Landing in Tel Aviv at an airport called Ben Gurion had all the makings of an Egyptian spy thriller. And for those in
search of "intrigue", my first introduction to Israel did not disappoint. Although Egyptian-born,
I was travelling on my Belgian passport. Airport security had obviously been
alerted about my imminent arrival and an official welcoming party was waiting
when I stepped off the plane.
When I left the airport two hours and four interviews
later, my first encounter with an Israeli taxi driver confirmed that I had very
much landed in the Middle East. He was a Moroccan Jew who had moved to Israel
as a teenager and could shame any Cairo cabbie with his colourful use of curses
and expletives and his love of Umm Kalthoum, the Arab world's legendary singing diva. The only western thing about
this scene was that he had turned on the taxi's meter.
The Israeli family I stayed with for a few days reminded me in so many
ways of home. Like the traditional set-up in Egypt, several generations of the
same family live together on the same plot, flowing in and out of each other's
spaces, sharing intimacies, food and resources, etc. The key difference was
that they were less patriarchal and more egalitarian than most Egyptian families.
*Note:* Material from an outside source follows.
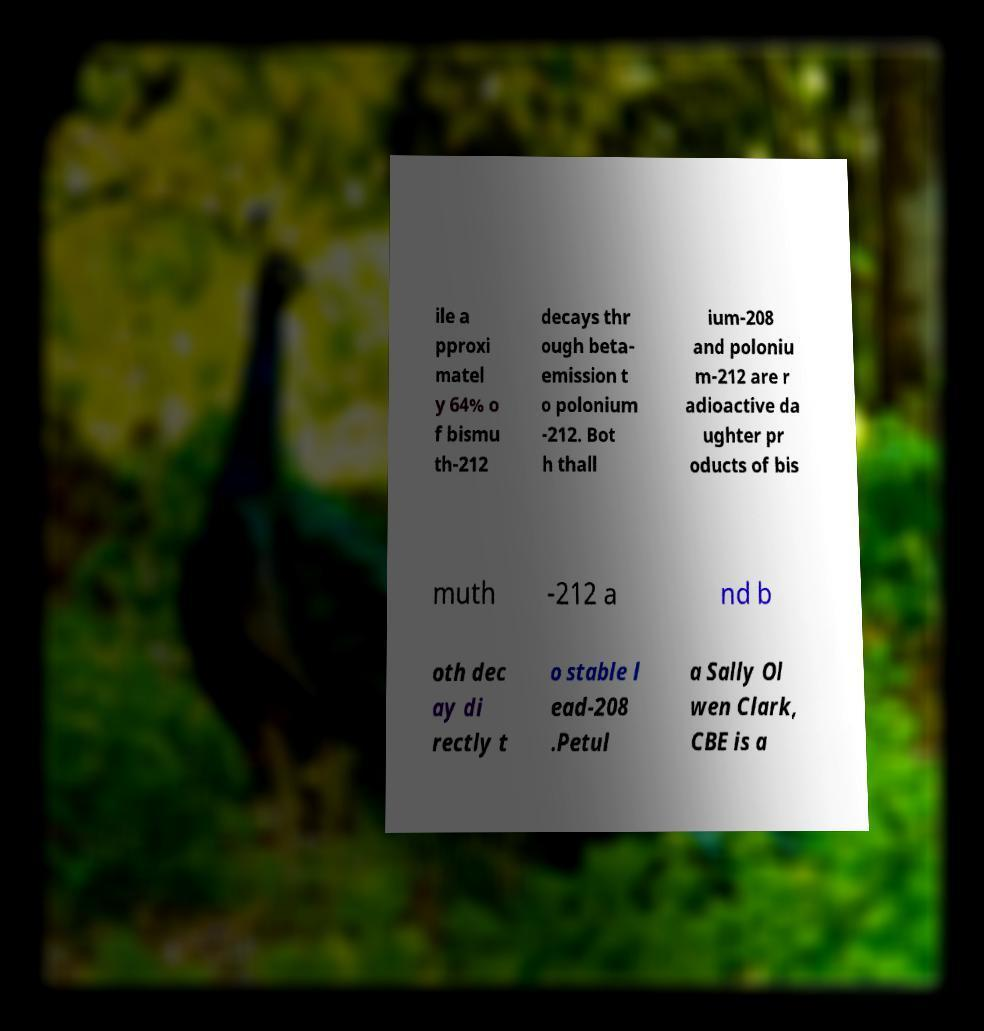Please read and relay the text visible in this image. What does it say? ile a pproxi matel y 64% o f bismu th-212 decays thr ough beta- emission t o polonium -212. Bot h thall ium-208 and poloniu m-212 are r adioactive da ughter pr oducts of bis muth -212 a nd b oth dec ay di rectly t o stable l ead-208 .Petul a Sally Ol wen Clark, CBE is a

"I don't understand how Europeans can leave home
so early and stay so distant from their families," said an exasperated
Zipora, the mother, sounding just like one of my Egyptian aunties, over a
sumptuous lunch she had prepared to feed twice the assembled people, just like
another of my aunts.
Throughout my time in Israel, it was constantly driven
home to me that the joking description in Egypt of Israelis as our errant
"cousins" had a very distinct ring of truth to it. After all, about
half the Jewish population of Israel came from Arab countries - that's not to
mention all the 1.2 million Palestinian holders of Israeli passports.
One Iraqi Jew I met in Jerusalem could do a passable imitation of
the Egyptian vernacular so popular in films and music across the region, loved
travelling to Egypt, was a professional oud player and sang in Arabic at weddings and barmitzvahs.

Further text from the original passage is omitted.